Side ; B

 そんなことがあった、翌日のことだった。


 その日は土曜日で、私は私服のまま烏丸からすま書店へ立ち寄ることにした。


 友達と出掛けていた帰り道だから、時間は少しだけ遅い。もうそろそろ夕日が完全に落ちきるかというくらいで、周囲からはすでに人気がはけている。


 ──でも、あそこはまだ営業時間のはず……って。


「あれ?」


 私は思わず驚きの声をこぼしていた。


 お目当てだったお店には灯りが灯っておらず、店表のシャッターはすでに降ろされている。

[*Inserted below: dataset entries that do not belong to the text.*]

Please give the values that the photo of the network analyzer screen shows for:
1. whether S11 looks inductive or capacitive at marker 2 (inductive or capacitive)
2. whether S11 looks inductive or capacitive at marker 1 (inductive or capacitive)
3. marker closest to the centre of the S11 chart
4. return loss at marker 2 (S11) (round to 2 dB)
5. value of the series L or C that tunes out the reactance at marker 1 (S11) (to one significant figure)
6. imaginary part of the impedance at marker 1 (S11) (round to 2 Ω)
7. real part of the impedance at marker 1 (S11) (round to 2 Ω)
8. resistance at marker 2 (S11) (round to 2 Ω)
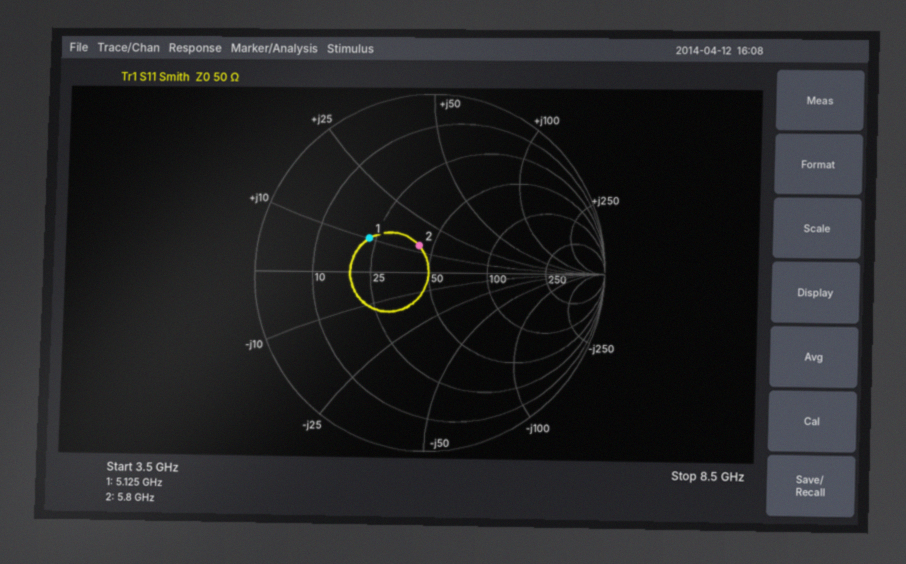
inductive
inductive
marker 2
16 dB
3 pF
+10 Ω
22 Ω
42 Ω
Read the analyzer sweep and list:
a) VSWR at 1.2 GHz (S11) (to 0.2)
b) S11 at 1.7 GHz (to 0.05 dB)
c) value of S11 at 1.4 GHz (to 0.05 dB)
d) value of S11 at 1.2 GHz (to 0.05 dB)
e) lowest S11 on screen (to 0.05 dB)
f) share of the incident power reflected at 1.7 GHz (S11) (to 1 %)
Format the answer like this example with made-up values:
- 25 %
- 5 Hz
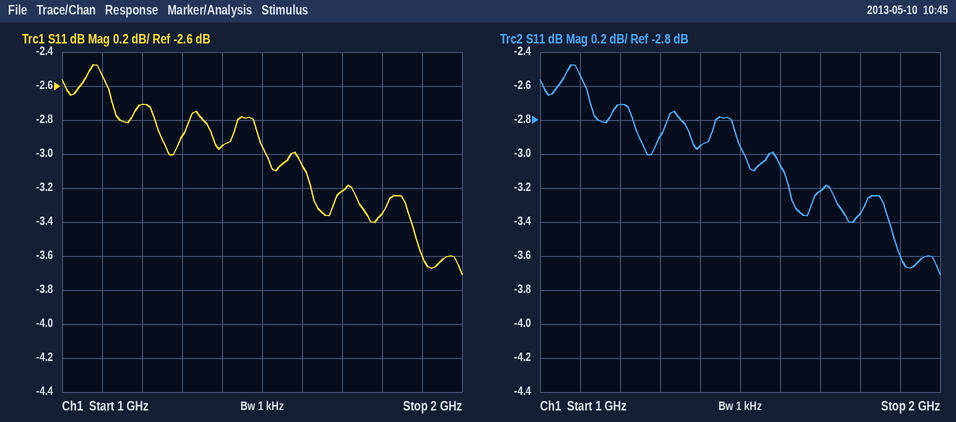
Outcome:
- 6.4
- -3.20 dB
- -2.95 dB
- -2.70 dB
- -3.70 dB
- 48 %
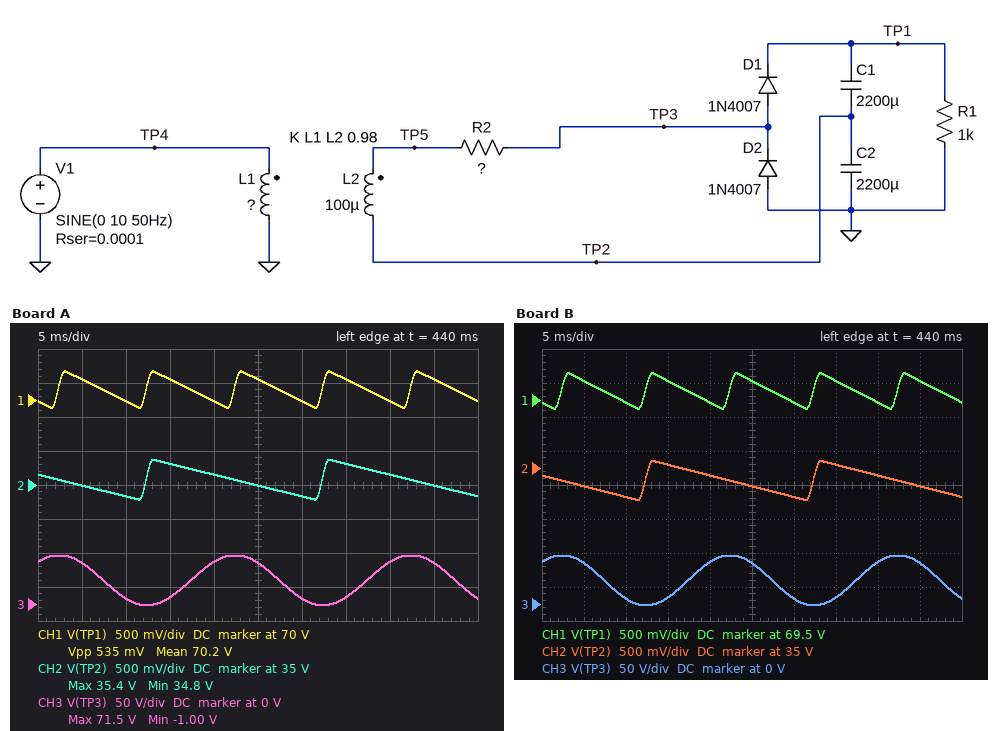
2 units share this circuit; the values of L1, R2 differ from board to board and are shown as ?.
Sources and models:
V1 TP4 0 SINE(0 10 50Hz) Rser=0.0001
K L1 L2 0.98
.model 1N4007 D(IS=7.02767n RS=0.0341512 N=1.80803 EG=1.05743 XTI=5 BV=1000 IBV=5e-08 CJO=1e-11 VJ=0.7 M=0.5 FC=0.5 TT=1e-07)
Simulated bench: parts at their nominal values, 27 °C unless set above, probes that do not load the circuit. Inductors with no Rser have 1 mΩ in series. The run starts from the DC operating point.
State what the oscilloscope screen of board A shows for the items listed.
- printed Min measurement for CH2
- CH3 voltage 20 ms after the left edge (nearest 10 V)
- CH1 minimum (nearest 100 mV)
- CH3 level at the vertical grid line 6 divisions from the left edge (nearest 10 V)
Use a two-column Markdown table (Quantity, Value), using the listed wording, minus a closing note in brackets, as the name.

| Quantity | Value |
|---|---|
| printed Min measurement for CH2 | 34.8 V |
| CH3 voltage 20 ms after the left edge | 60 V |
| CH1 minimum | 69.9 V |
| CH3 level at the vertical grid line 6 divisions from the left edge | 10 V |
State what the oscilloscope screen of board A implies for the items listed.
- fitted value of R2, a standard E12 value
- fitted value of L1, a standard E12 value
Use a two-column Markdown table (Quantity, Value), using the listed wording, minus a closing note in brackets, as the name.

| Quantity | Value |
|---|---|
| fitted value of R2, a standard E12 value | 0.68 Ω |
| fitted value of L1, a standard E12 value | 3.3 µH |
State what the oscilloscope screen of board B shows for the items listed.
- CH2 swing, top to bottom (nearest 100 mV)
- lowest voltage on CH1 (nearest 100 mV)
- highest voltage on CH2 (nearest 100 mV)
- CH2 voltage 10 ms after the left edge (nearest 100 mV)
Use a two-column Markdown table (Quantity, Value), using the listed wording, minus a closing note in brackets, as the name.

| Quantity | Value |
|---|---|
| CH2 swing, top to bottom | 600 mV |
| lowest voltage on CH1 | 69.4 V |
| highest voltage on CH2 | 35.1 V |
| CH2 voltage 10 ms after the left edge | 34.6 V |
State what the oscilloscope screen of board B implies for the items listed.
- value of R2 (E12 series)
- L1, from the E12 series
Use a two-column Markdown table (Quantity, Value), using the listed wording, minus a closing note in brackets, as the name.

| Quantity | Value |
|---|---|
| value of R2 | 1 Ω |
| L1, from the E12 series | 3.3 µH |

『いつも学校帰りに寄る時は、この時間帯まで店にいても追い出されたことなんかないのに』と目を丸くすれば、シャッターにはペラリと一枚紙が貼られていた。よく見ればその紙にはちょっとヨレた文字で『本日休業』と書かれている。


 ──ここ、定休日とかあったんだ……


 れんさんからそんな話は聞いたことがなかったけれど。


 ……でも、言われてみればいつだって蓮さんが一人で店番をしていた。店主が一人で営業しているなら、ちゃんとどこかでお休みしないといけない。もしかしたら私が知らなかっただけで、前から土日定休だったのかもしれないし。


「あっれぇ〜? なんかカワイイコいんじゃ〜ん?」


 今度きちんと蓮さんに確認してみよう、と思った、その瞬間だった。


 突如聞こえたガラの悪い声にハッと体を強張らせながら振り返れば、『いかにも』といった雰囲気の不良集団がニヤニヤしながらこっちに近付いてくるところだった。


「君さぁ、ここらへんの子ぉ?」

「俺らさ、人を探してんだけどさぁ、見つかんなくてぇ」

「てかぁ、ぶっちゃけ目当ての人はそこの店長サンなんだけどさぁ、今日やってねぇじゃんねぇ? そこの店ぇ」

「なぁなぁ、ヒマしてんなら、一緒に探してくんねぇ?」

「ここの店主のことさぁ、君、知ってるっしょ? わざわざこんな時間にお店に来たんだからさぁ?」


 どうか人違いでありますように、と思っていたけれど、三人組で現れた不良集団の視線はガッチリ私に向けられている。そもそも、今この周囲に私以外の人影はない。人違いであるはずがなかった。


「……っ!」

「そんなに怖がんなくていーんだよぉ?」

「ほらちょーっと店主に連絡してくれるだけでいいからさぁ〜」


 逃げ出したいのに、体が恐怖に凍りついて動かない。


 怖がってる素振りなんて見せたら相手を喜ばせるだけだって頭では分かっていても、言葉は出てこないし、何か対処をすることもできなかった。


 かろうじて足が一歩後ろに下がる。


 だけどそんな私の退路を断つかのように、道の反対側からも足音が聞こえてきた。反射的に振り返れば、反対側からも似たような雰囲気のガラの悪い男達が近付いてくる。


 ──なに……っ!? 何なの、これっ!?


 思わずジワリと目頭が熱くなった。握りしめた手がカタカタと震えている。


「そんなに怖がって〜。一体ナニを想像しちゃってんの?」

「別に俺達、キミになぁんにも……」

「おい」


 ニタニタと向けられる笑みが気持ち悪くて、思わずギュッと目をつむる。


 その瞬間、低いのによく響く声が、薄闇を切り裂いて私の耳に突き刺さった。


「人の店の前で何やってんだ、テメェらはよぉ」


 それがよく知っている声だと気付いて目を開いた、その瞬間。


 ヒュッという鋭い音が響いたと思った瞬間、バキッという鈍い音が目の前から上がった。思わず目を丸くした瞬間には、三人組の真ん中にいた男の頭が後ろから殴られたみたいに揺れている。ドサリと倒れ込んだ男は、意識を失っているみたいだった。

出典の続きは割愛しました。